Fatigue is a significant design consideration in deep-water floating production systems. The most critical components of these systems from a safety and reliability perspective are production and export steel catenary risers (SCRs), top-tension risers (TTRs), as well as flowlines, since they transport all production fluids. These components can also be subjected to sour service conditions, due either to the nature of the crude production or to seawater flooding of the reservoir to enhance production yield.
Extensive laboratory testing has shown that sour brine environments can reduce fatigue life by 10× to 50× compared to fatigue lives measured in laboratory air. Thus, in order to ensure safe, reliable, and environmentally friendly deepwater development, the effect of these sour service conditions must be properly accounted for in riser and flowline design. However, to ensure that the full environmental effect is captured, tests need to be conducted at cyclic loading frequency representative of those experienced in the structure (typically 0.1 Hz or less), which makes corrosion-fatigue testing very time consuming and costly. Consequently, there has been a need for predictive models that can reduce the dependence on extensive long-term testing, while at the same time enable existing data to be interpolated and/or extrapolated over a broad domain of relevant mechanical, environmental, and material variables.

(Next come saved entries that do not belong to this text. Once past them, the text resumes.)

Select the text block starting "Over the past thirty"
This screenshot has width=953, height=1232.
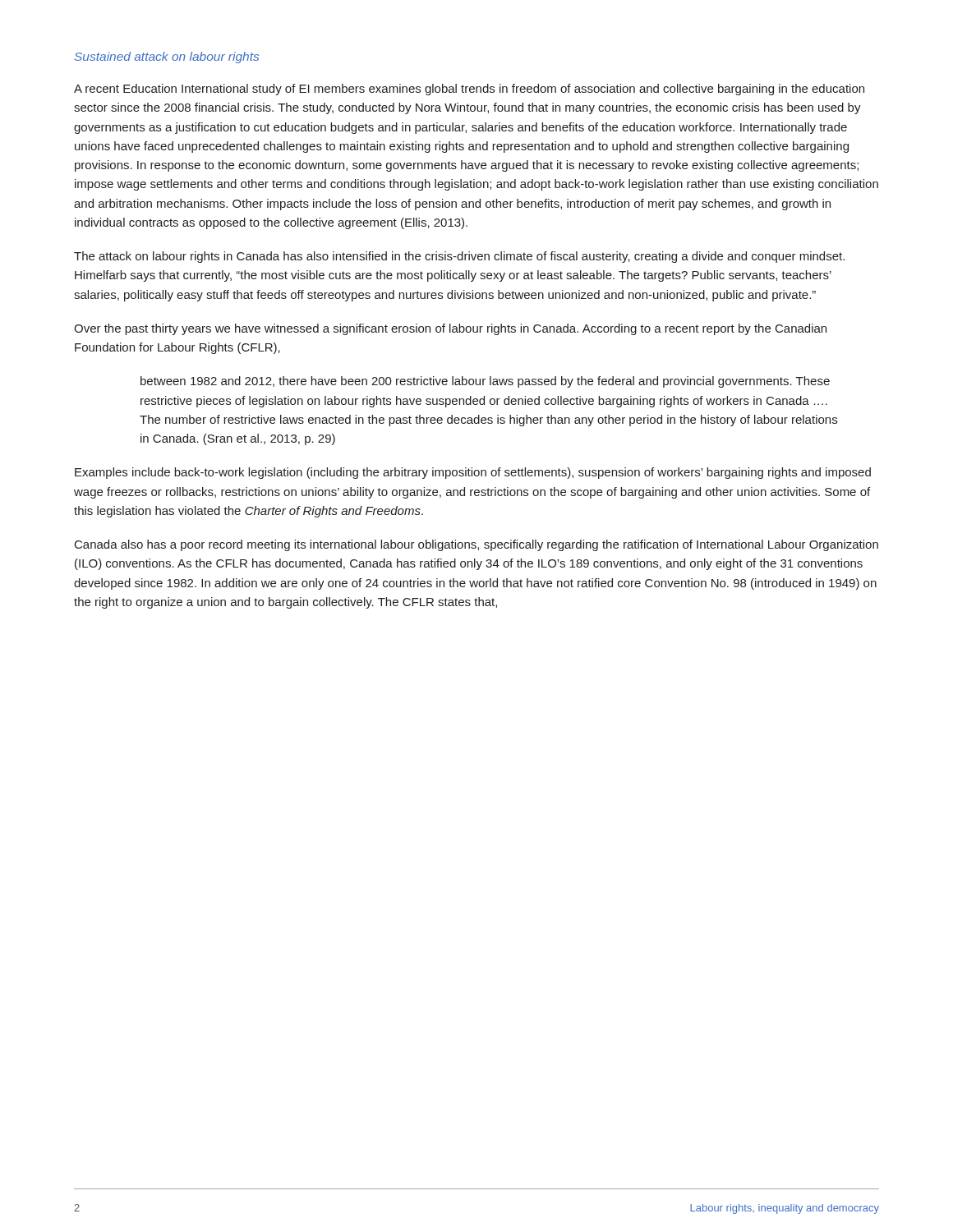[451, 337]
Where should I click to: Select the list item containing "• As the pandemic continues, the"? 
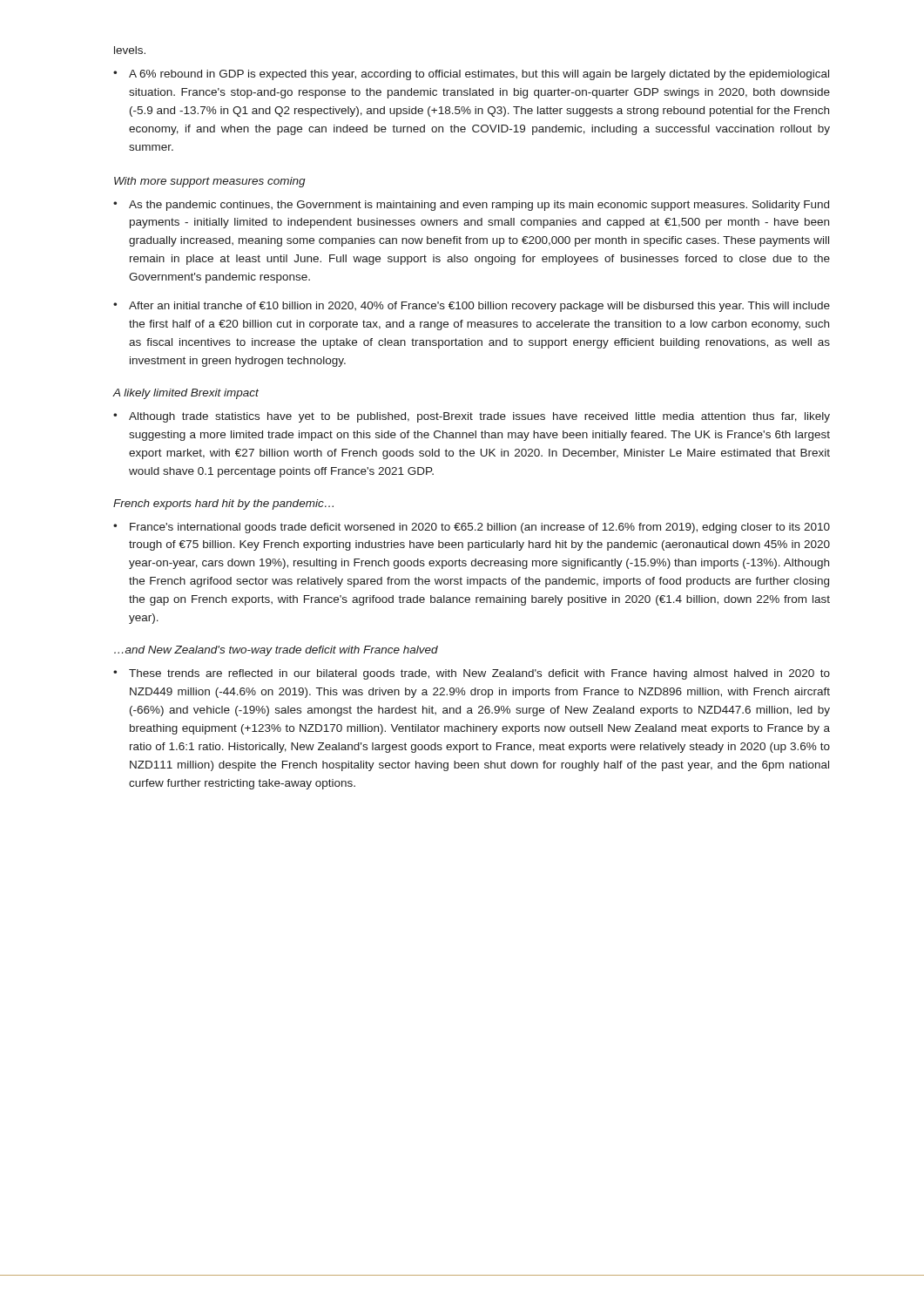point(472,241)
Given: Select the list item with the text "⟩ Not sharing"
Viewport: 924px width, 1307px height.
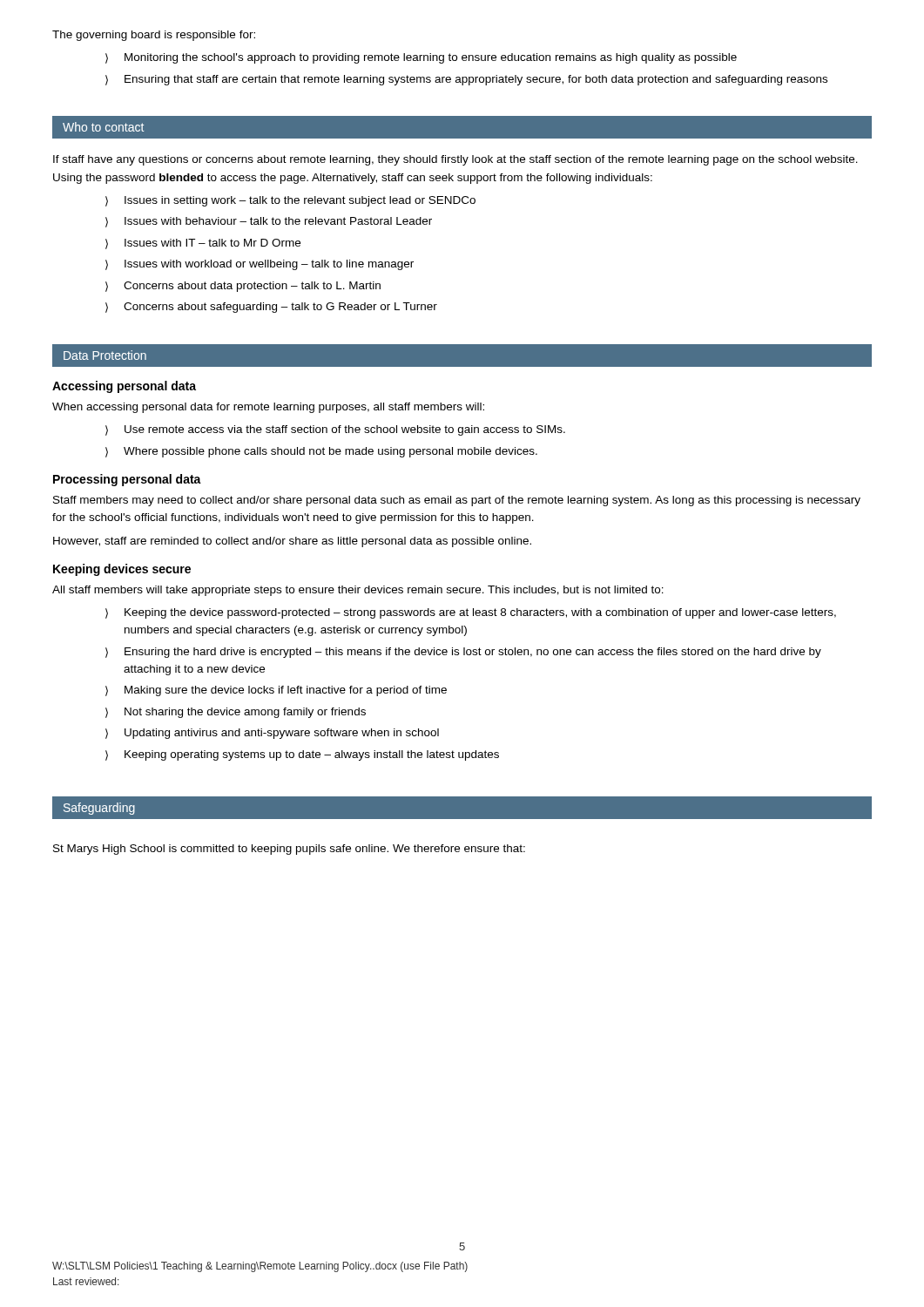Looking at the screenshot, I should point(235,712).
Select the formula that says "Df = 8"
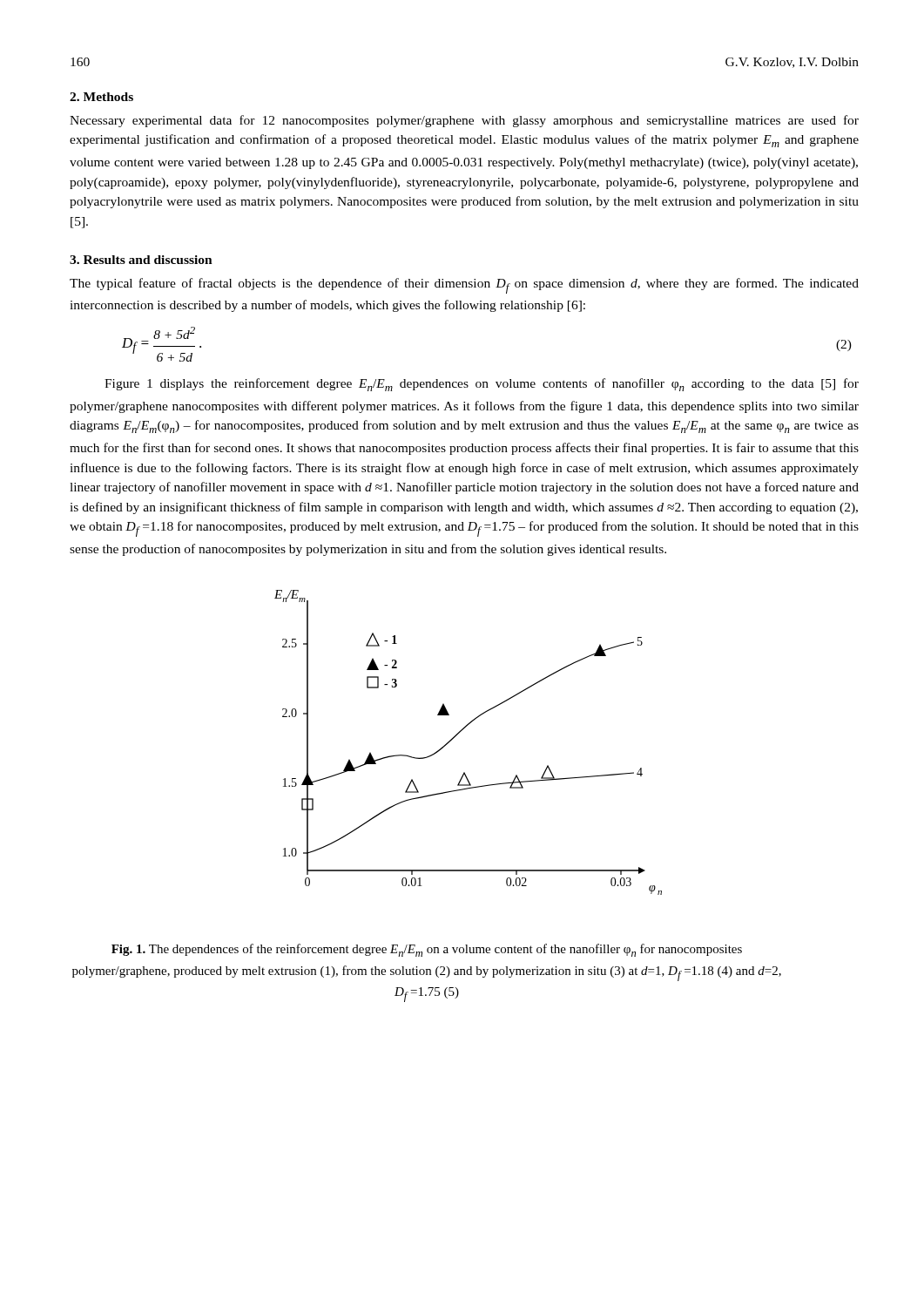This screenshot has height=1307, width=924. pos(174,346)
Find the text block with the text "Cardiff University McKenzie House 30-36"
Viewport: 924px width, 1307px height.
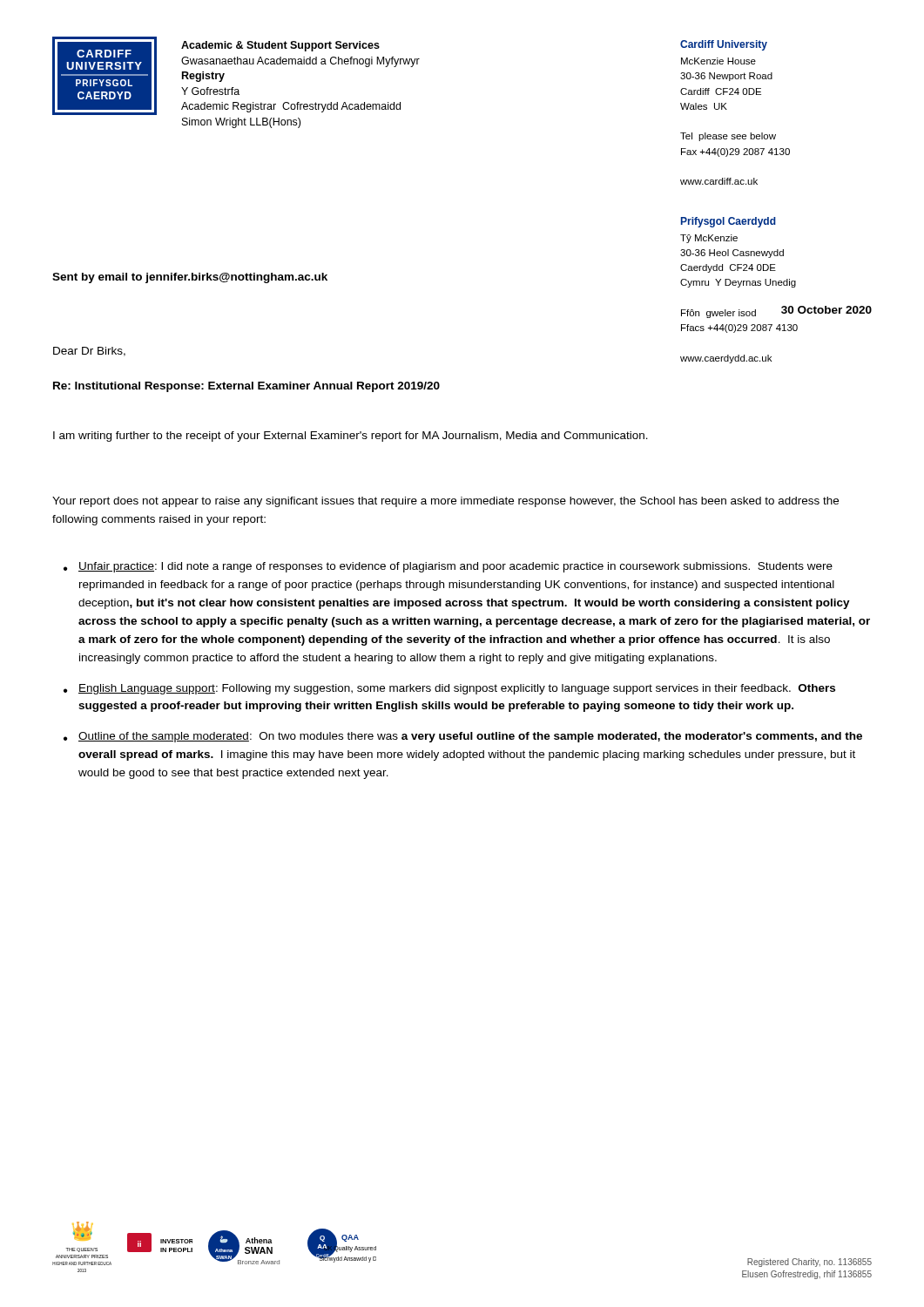coord(724,45)
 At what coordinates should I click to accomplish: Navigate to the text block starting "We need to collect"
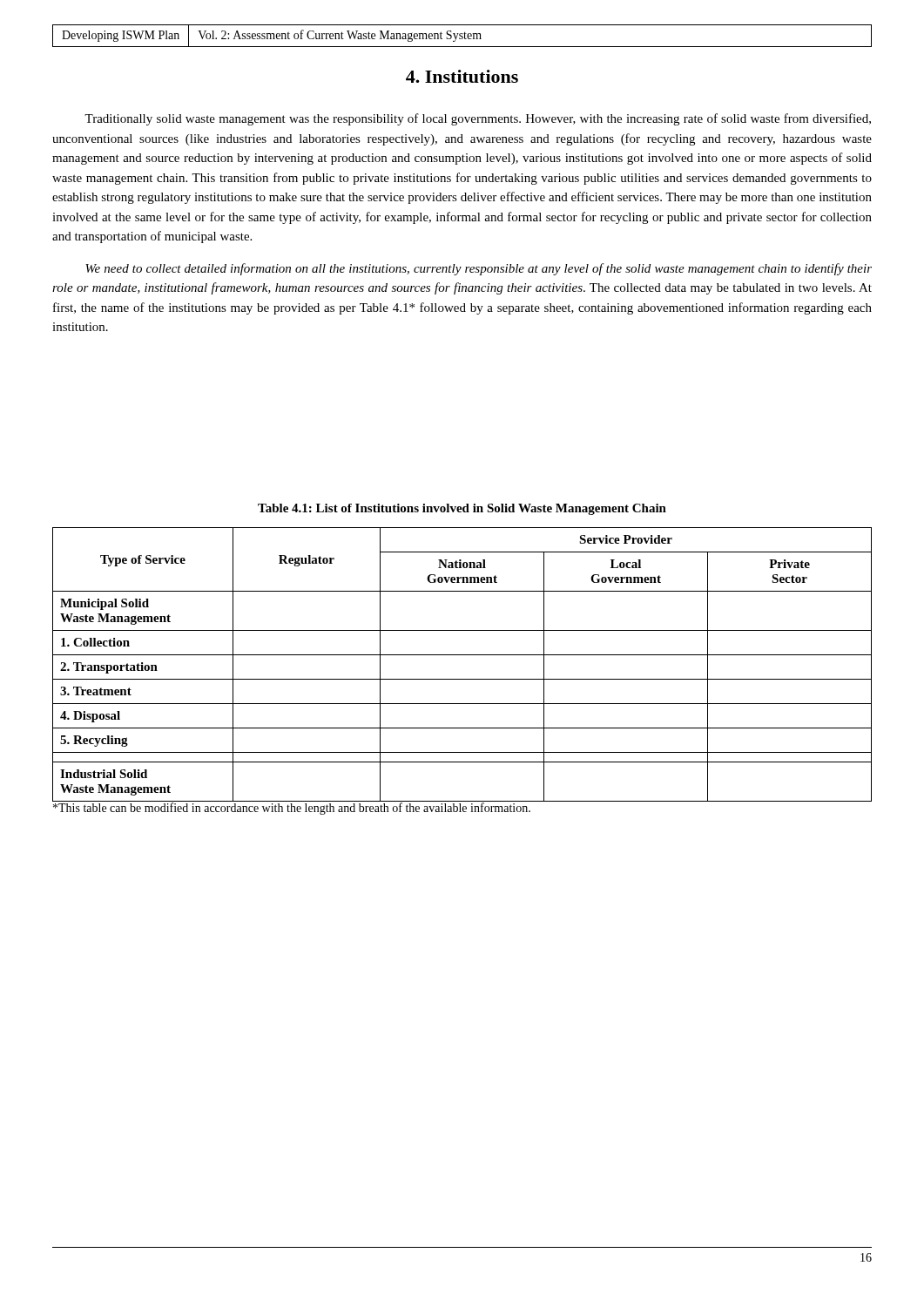462,298
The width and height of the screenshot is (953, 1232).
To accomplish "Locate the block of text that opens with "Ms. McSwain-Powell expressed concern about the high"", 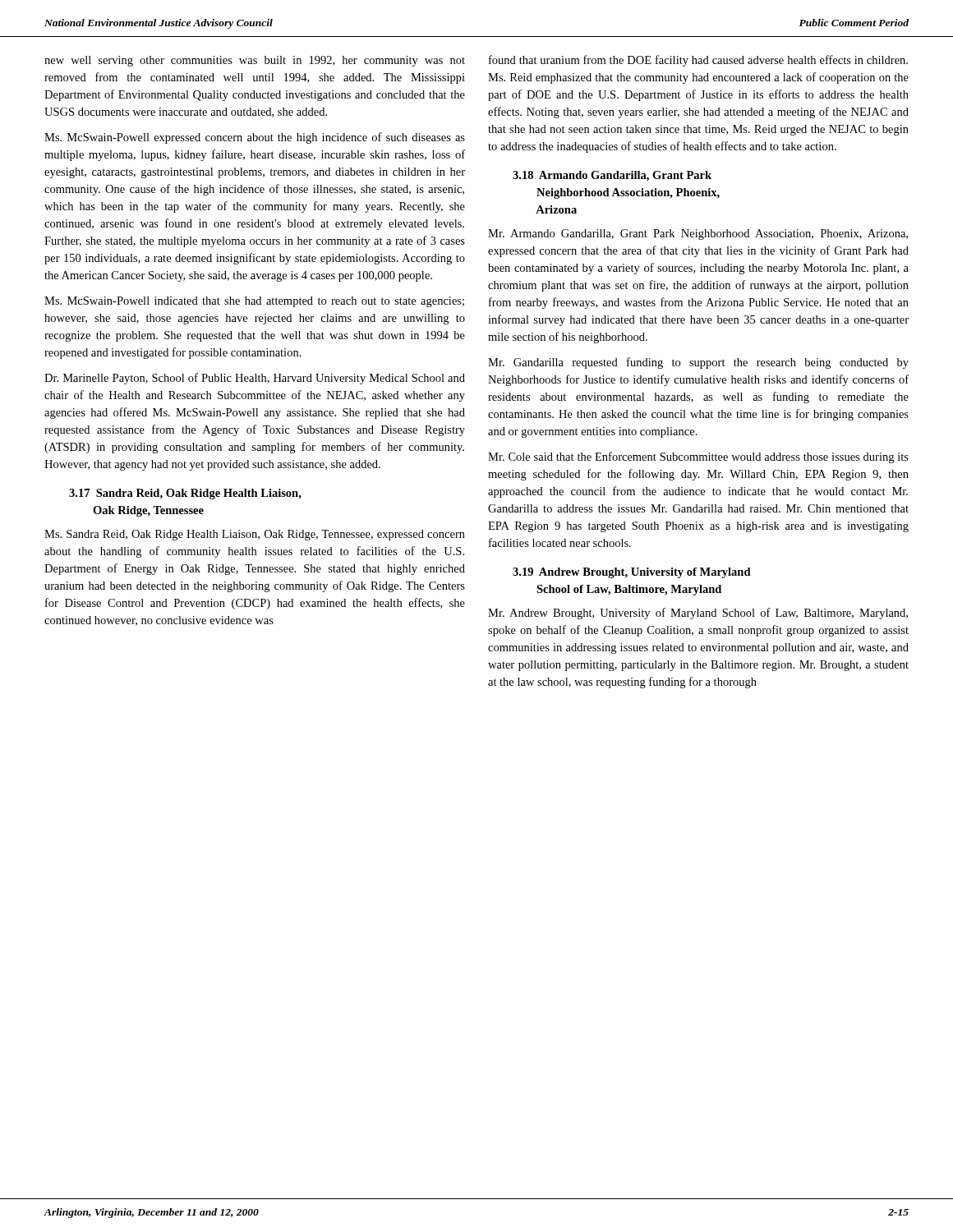I will 255,206.

Joint Industry Project, Phase 1
In response to this need, a Joint Industry Project (JIP) was organized by SwRI in 2010 under support of six energy companies and component suppliers. Phase 1 of the JIP, which was completed in 2014, developed and validated an analytical model for corrosion fatigue crack growth (CFCG) of offshore structural steels, which can predict CFCG rates in sour brine environments over a wide range of mechanical, environmental, and material variables. This model was formulated based on the assumption that CFCG rates for offshore structural steels exposed to sour brine environments are dominated by hydrogen embrittlement.
The detailed modeling approach was as follows:
- defining the sequence of individual kinetic elements in the overall process that supplies hydrogen atoms to the fracture process zone ahead of the crack tip
- identifying the slowest elemental kinetic step, which is defined as the rate-controlling process (RCP)
- developing detailed kinetic models for the RCP
The resulting analytical model, in turn, has been used as the basis for developing an engineering spreadsheet tool. An example of predictions from the spreadsheet tool in comparison with experimental CFCG rate data is provided in the figure. The model inputs displayed in the table extracted from the spreadsheet tool include material variables (steel yield strength, σys), environmental variables (pH, H2S partial pressure, temperature), and mechanical variables (load-cycle frequency, f, and maximum stress-intensity factor, Kmax). While the comparison between model predictions (solid lines) and experimental data (symbols) is favorable at intermediate stress-intensity factor ranges (ΔK), the CFCG rates are overestimated at low ΔK. This is because CFCG rates in this regime are hypothesized to be dominated by changes in the true mechanical driving force, which has not yet been included in the model-based spreadsheet tool.
Joint Industry Project, Phase 2
To address this limitation of the Phase 1 model, Phase 2 of the JIP was initiated in 2015 to extend the model to predict CFCG rates at low ΔK. As schematically shown in the figure, the model/spreadsheet tool from Phase 1 is capable of predicting effects of changing environmental variables on CFCG rates (green arrow), which shift da/dN(ΔK) in the vertical direction. However, the figure also illustrates the present limitation of the current model – specifically, the model overestimates da/dN at low ΔK, so that alterations in the mechanical driving force are necessary to translate da/dN(ΔK) in the horizontal direction (red arrow) in order to obtain more realistic (i.e., less conservative) predictions in the low-ΔK regime. Therefore, the focus in Phase 2 is to identify and characterize the fundamental mechanisms that can alter the mechanical driving force in order to correct this over-conservatism in the Phase 1 model.
Critical experiments combined with modeling are underway in Phase 2 of the JIP with four members from the energy sector to improve the predictive capability of the model in the low-ΔK regime.